Assemble heritability enrichment in a module across all traits

Next, I compiled the S-LDSC results of a module for all traits into one file. In total, there are 166 modules. Here, I take one module (module 4) for an example.

# paras and I/O -----
module <- 4

files_par_h2 <- list.files('/project2/xuanyao/llw/ldsc/h2_enrich_par', paste0("^\\d+_M", module, "_baseline.results"), full.names = TRUE)
file_gwasTraitInfo <- '/project2/xuanyao/llw/coloc/ukbb_coloc_blood_traits/ukbb_blood_traits.csv'

# read data -----
par_h2 <- map_dfr(
  files_par_h2,
  ~fread(cmd = paste("sed -n -e 1p -e 99p", .x), sep = "\t")
)
if(!all(par_h2$Category == "L2_1")) stop("Not all extracted rows are from custom annotation.")

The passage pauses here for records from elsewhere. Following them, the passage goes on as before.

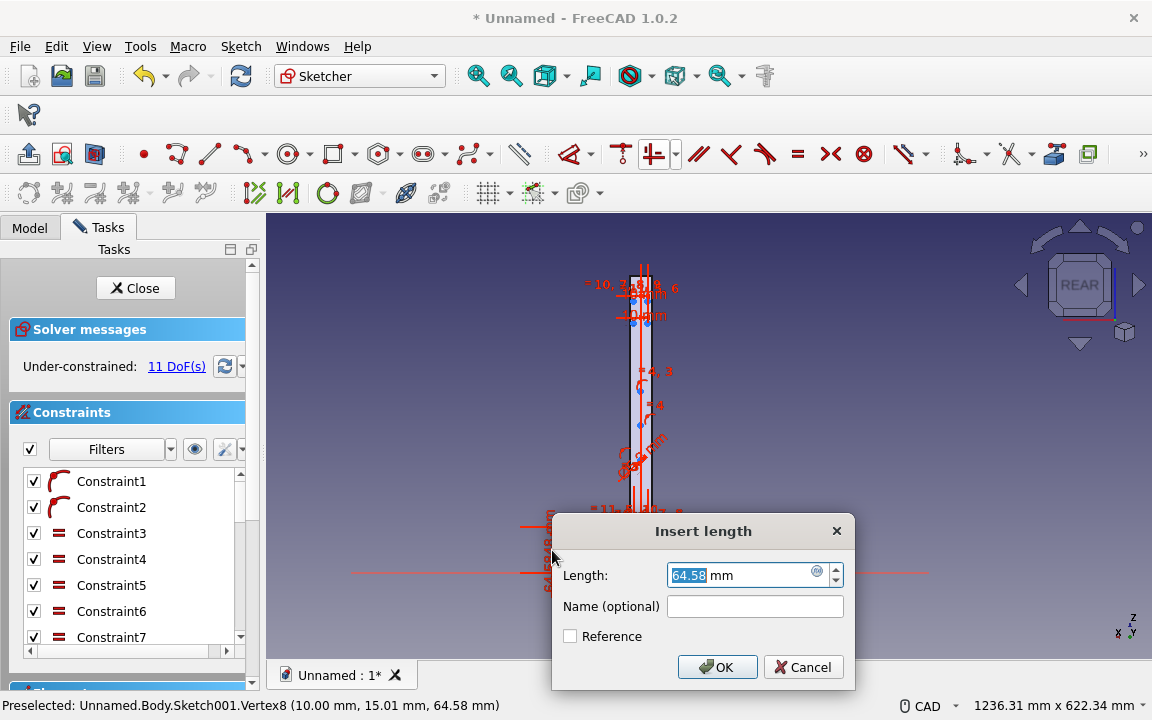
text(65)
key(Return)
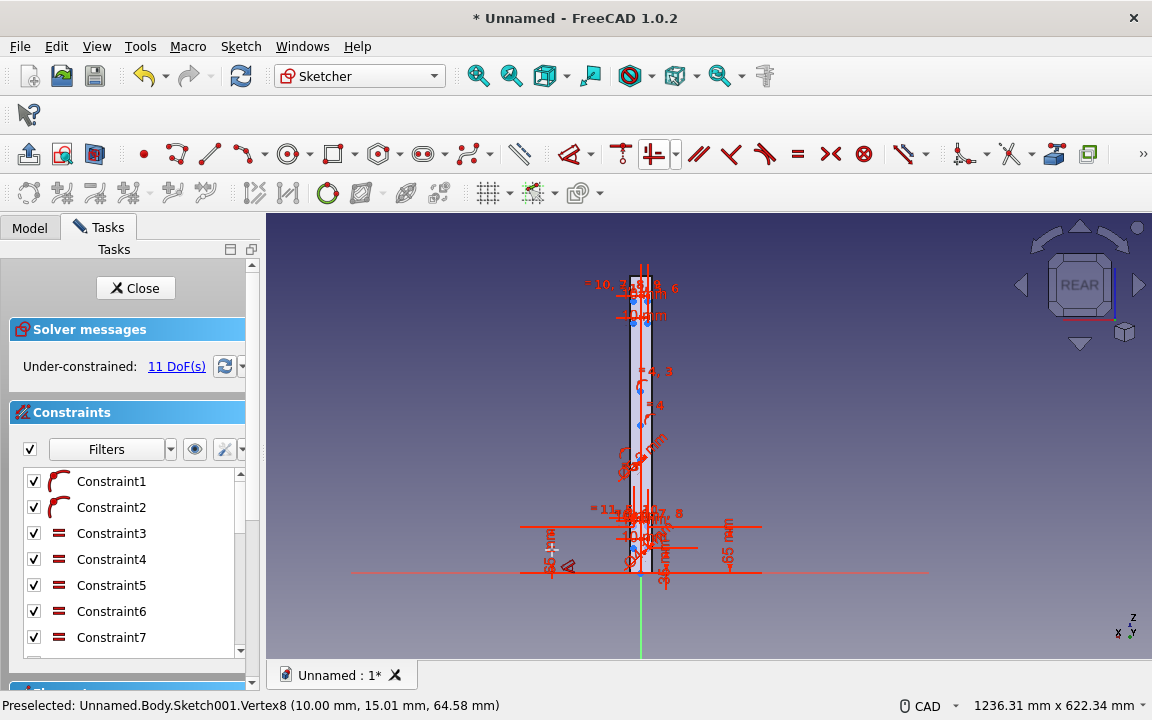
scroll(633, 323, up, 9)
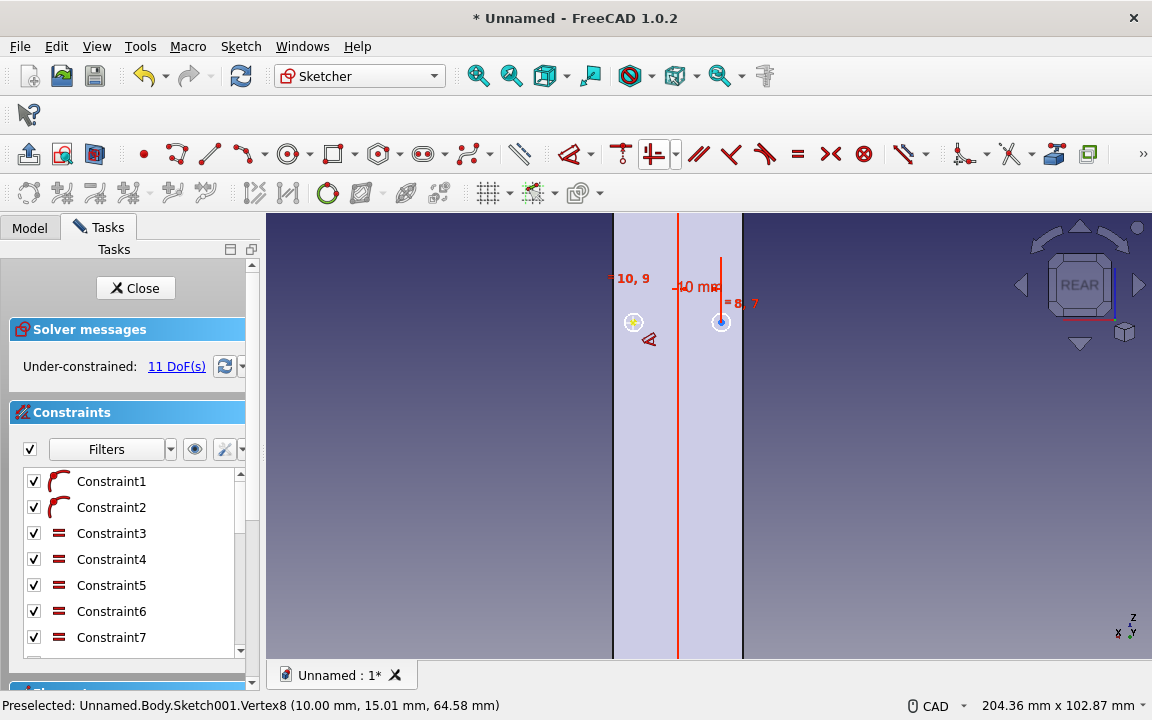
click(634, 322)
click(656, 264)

gwasTraitInfo <- fread(file_gwasTraitInfo, sep = ",", header = TRUE)


# re-arrange data -----
# add annotation name & trait info
par_h2 <- par_h2 %>%
  mutate(Category = str_extract(basename(!!files_par_h2), paste0("^\\d+_M", !!module))) %>%
  separate(Category, c("trait_id", "module"), sep = "_", remove = FALSE, convert = TRUE) %>%
  separate(module, c(NA, "module"), sep = "M", convert = TRUE) %>%
  left_join(gwasTraitInfo, by = c("trait_id" = "GWAS ID")) %>%
  relocate(`GWAS Group`, `GWAS Trait`, `Trait Abbreviation`, .after = trait_id)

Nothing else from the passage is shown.